Schornsteine sind jedoch generell hier nicht dargestellt, weil sie zum einen heute in keinem Fall mehr original vorhanden sind und der Versuch einer Rekonstruktion mit den verschiedenen Anschlussstellen ohne großen Nutzen für die äußere Wiederherstellung dieses Bauabschnitts wäre. Dennoch sollen hier die historischen Fotos auf den folgenden Seiten die Ausbildung der Schornsteine belegen.

Die Dachentwässerung erfolgt generell über runde Regenrinnen. Fallrohre, die im weiten Abstand gerade vor der Fassade liegen. Fallrohre, Regenrinnen sowie die Zinkblechabdeckung auf der Attika und an anderen Stellen sind inzwischen erneuert und auf den Zeichnungen nur rekonstruiert.

Die Dächer sind über Luken vom Dachraum zu erreichen. Die unterschiedlichen Gebäudehöhen werden durch fest angebrachte Stahlleitern oder in das Mauerwerk eingelassene Steigeisen überwunden, um die unterschiedlich hohen Dächer eines Baublocks zu verbinden. Es ist darauf hinzuweisen, dass der Dachausstieg bei den Einfamilienhäusern nicht über jedes Haus erfolgte, sondern in großen Abständen, so sind beispielsweise in den Blöcken 9-13 jeweils nur 2 Dachluken angebracht.

Die Dachzonen der Einfamilienreihenhäuser sind zur Hälfte als bewohnbares Zimmer (mit entsprechend großen Fenstern an der Attikaseite) und als Bodenkammern eingeteilt. Der kleine Einfamilienreihenhaustyp (2 1/2 Zimmer) hat keinen separat ausgewiesenen Bodenraum.

Das Dach ist dort eine Klein'sche Stahlsteindecke. Die Dachneigung wird durch eine abgehängte Decke (Rohrgeflecht?) ausgeglichen.

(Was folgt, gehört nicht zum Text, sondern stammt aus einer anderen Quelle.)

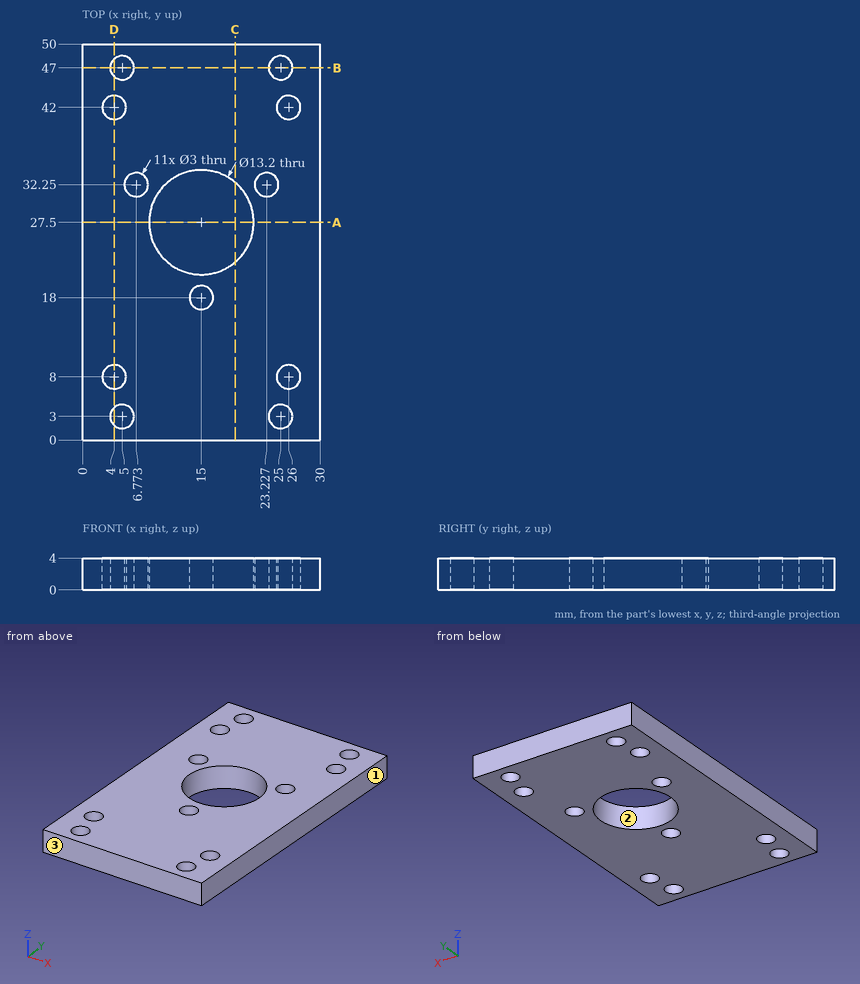
For this review, use the dimensioned drawing (mm, ordinates from the lowest corner) and the shaded views. Give positions to 0.01 mm unless a question says otherwise; leave off trailing zeros. Order: outer loops, then holes, each group sorted by start corner. A loop starts at its lowest first (then second) coordinate and runs counter-clockwise, first axis right, second up.
1. To check wall thickness, follow L1, parallel to Y at x = 5, z = 2.4; L2, parallel to Y at x = 13.75, z = 2.55; L3, parallel to X at y = 7, z = 1.75. State the ranges of each line that lie inside material, in increasing order.
Solution:
L1: y = 0 to 1.5, 4.5 to 6.88, 9.12 to 40.88, 43.12 to 45.5, 48.5 to 50
L2: y = 0 to 17.17, 18.83 to 21.02, 33.98 to 50
L3: x = 0 to 2.88, 5.12 to 24.88, 27.12 to 30
2. For pin 1 Ø2.5 at (x, y) = (6.77, 32.25) entering from -Z, flat-tipped, find the tip position at first contact; note if it passes through.
Solution:
pin 1: passes through
3. Mouldability with a two-part tool opening along X and no side actions: class the marked faces 1, 2 and 3 as +X half, -X half, draft (parallel to the pull), parting line (faces both ways), or undercut.
Solution:
face 1: +X half
face 2: undercut
face 3: draft
4. Add section C-C, the plane x = 19.25. State the section outline as (y, z) points, then the cut area to 3 significant figures.
Solution:
outline: (0, 0) - (22.45, 0) - (22.45, 4) - (0, 4) - close; (32.55, 0) - (50, 0) - (50, 4) - (32.55, 4) - close
area: 160 mm2
5. Add section A-A, the plane y = 27.5. State the section outline as (x, z) points.
Solution:
outline: (0, 0) - (8.4, 0) - (8.4, 4) - (0, 4) - close; (21.6, 0) - (30, 0) - (30, 4) - (21.6, 4) - close
6. Add section B-B, the plane y = 47. State the section outline as (x, z) points, then the cut area to 3 significant figures.
Solution:
outline: (0, 0) - (3.5, 0) - (3.5, 4) - (0, 4) - close; (6.5, 0) - (23.5, 0) - (23.5, 4) - (6.5, 4) - close; (26.5, 0) - (30, 0) - (30, 4) - (26.5, 4) - close
area: 96.0 mm2
7. Add section D-D, the plane x = 4. State the section outline as (y, z) points, then the cut area to 3 significant figures.
Solution:
outline: (0, 0) - (1.88, 0) - (1.88, 4) - (0, 4) - close; (4.12, 0) - (6.5, 0) - (6.5, 4) - (4.12, 4) - close; (9.5, 0) - (40.5, 0) - (40.5, 4) - (9.5, 4) - close; (43.5, 0) - (45.88, 0) - (45.88, 4) - (43.5, 4) - close; (48.12, 0) - (50, 0) - (50, 4) - (48.12, 4) - close
area: 158 mm2

Allgemeiner Hinweis zu Maßstäblichkeit und Verfahren

Alle Grundrisse und Schnitte im Bereich der Gebäude werden innerhalb der dynamisch generierten PDF-Dateien (bei vollen 100% Ausdrucksgröße) in der Regel im Maßstab 1:100 dargestellt. Darstellung und Bemaßung sind standardisiert, Spiegelungen wurden z.T. nicht berücksichtigt, deshalb sind alle Abmessungen vor Ausführung am Objekt zu prüfen. Jede Änderung am Objekt bedarf der denkmalrechtlichen Genehmigung durch die Untere Denkmalschutzbehörde.